The White House pushed back hard against what it called “inaccurate, gratuitous, and wrong” criticisms of Biden’s memory.
“The report uses highly prejudicial language to describe a commonplace occurrence among witnesses: a lack of recall of years-old events,” his lawyers wrote.
Even before the special counsel report the White House was already on the back foot, facing repeated questions at a briefing on Thursday over him confusing various European leaders.
On Sunday Biden told a fundraiser that he had spoken to long-dead French president Francois Mitterrand, instead of current leader Emmanuel Macron, at a G7 summit in Britain in June 2021.
Biden told a similar story about the same G7 meeting on Wednesday — this time saying he had met German Chancellor Helmut Kohl, who died in 2017, instead of Angela Merkel.

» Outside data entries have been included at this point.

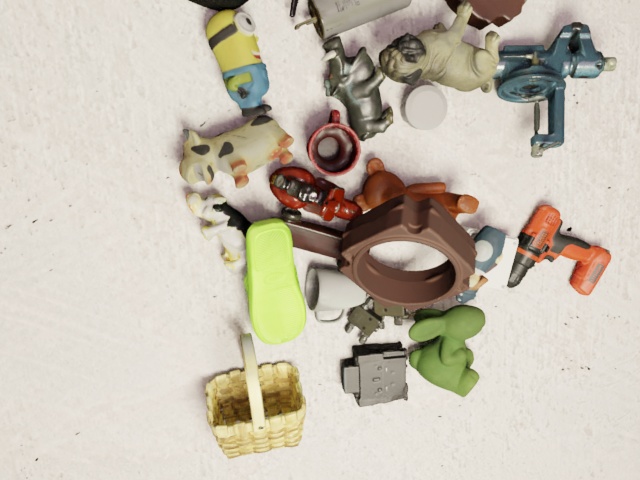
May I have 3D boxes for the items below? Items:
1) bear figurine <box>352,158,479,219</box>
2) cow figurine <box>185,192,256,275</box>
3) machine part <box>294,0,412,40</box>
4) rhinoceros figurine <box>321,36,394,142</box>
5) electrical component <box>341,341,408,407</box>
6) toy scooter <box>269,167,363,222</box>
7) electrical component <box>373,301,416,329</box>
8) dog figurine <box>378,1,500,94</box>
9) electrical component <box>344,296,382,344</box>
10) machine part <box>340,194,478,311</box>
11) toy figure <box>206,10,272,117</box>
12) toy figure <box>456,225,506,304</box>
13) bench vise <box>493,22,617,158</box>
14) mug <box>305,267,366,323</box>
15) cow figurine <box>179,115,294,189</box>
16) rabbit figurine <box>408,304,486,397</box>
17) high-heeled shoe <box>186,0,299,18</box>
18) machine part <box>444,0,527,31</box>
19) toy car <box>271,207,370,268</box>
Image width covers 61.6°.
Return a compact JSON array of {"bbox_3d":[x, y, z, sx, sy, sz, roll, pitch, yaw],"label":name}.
[{"bbox_3d":[0.170,-0.068,0.996,0.196,0.132,0.120,22,99,-18],"label":"bear figurine"},{"bbox_3d":[-0.169,-0.029,0.981,0.098,0.068,0.167,-33,107,-7],"label":"cow figurine"},{"bbox_3d":[0.069,-0.415,0.936,0.243,0.079,0.079,-22,103,-5],"label":"machine part"},{"bbox_3d":[0.066,-0.273,0.966,0.112,0.073,0.190,-17,113,18],"label":"rhinoceros figurine"},{"bbox_3d":[0.110,0.271,1.088,0.134,0.058,0.114,-5,100,-8],"label":"electrical component"},{"bbox_3d":[-0.010,-0.077,0.947,0.184,0.135,0.075,23,97,2],"label":"toy scooter"},{"bbox_3d":[0.148,0.125,1.074,0.078,0.045,0.102,-7,101,22],"label":"electrical component"},{"bbox_3d":[0.207,-0.294,0.929,0.190,0.121,0.172,-42,87,-23],"label":"dog figurine"},{"bbox_3d":[0.091,0.158,1.065,0.063,0.021,0.094,36,110,10],"label":"electrical component"},{"bbox_3d":[0.151,0.030,0.935,0.201,0.087,0.200,-28,124,36],"label":"machine part"},{"bbox_3d":[-0.138,-0.303,0.927,0.089,0.082,0.180,-14,105,-8],"label":"toy figure"},{"bbox_3d":[0.295,0.048,1.013,0.057,0.064,0.154,24,93,-35],"label":"toy figure"},{"bbox_3d":[0.425,-0.268,0.988,0.224,0.129,0.240,4,83,-2],"label":"bench vise"},{"bbox_3d":[0.033,0.107,1.033,0.107,0.081,0.109,1,95,-19],"label":"mug"},{"bbox_3d":[-0.156,-0.158,0.941,0.195,0.085,0.127,-30,64,-14],"label":"cow figurine"},{"bbox_3d":[0.256,0.193,1.067,0.159,0.121,0.170,23,113,9],"label":"rabbit figurine"},{"bbox_3d":[-0.126,-0.460,0.900,0.249,0.086,0.145,5,96,-14],"label":"high-heeled shoe"},{"bbox_3d":[0.310,-0.476,0.973,0.179,0.056,0.179,-1,101,-7],"label":"machine part"},{"bbox_3d":[-0.002,-0.003,1.019,0.202,0.053,0.089,15,118,-10],"label":"toy car"}]

Biden, who suffers from a lifelong stammer, also appeared tired while answering questions after a speech on the Mexican border crisis at the White House on Tuesday.
“This happens. It happens to all of us,” White House Press Secretary Karine Jean-Pierre said.
Biden didn’t talk about the memory loss comments, but said the “matter is now closed” and pointed out that he had even agreed to an interview with prosecutors the day after the October 7 Hamas attacks on Israel.
He also said the report had contrasted the “stark differences” between his case and that of Trump, who faces criminal charges over classified documents at his Mar-A-Lago resort in Florida.
Voters don’t seem as concerned by Trump’s age but he has also had a few recent glitches, such as mixing up his rival for the Republican nomination, Nikki Haley, with former US House speaker Nancy Pelosi.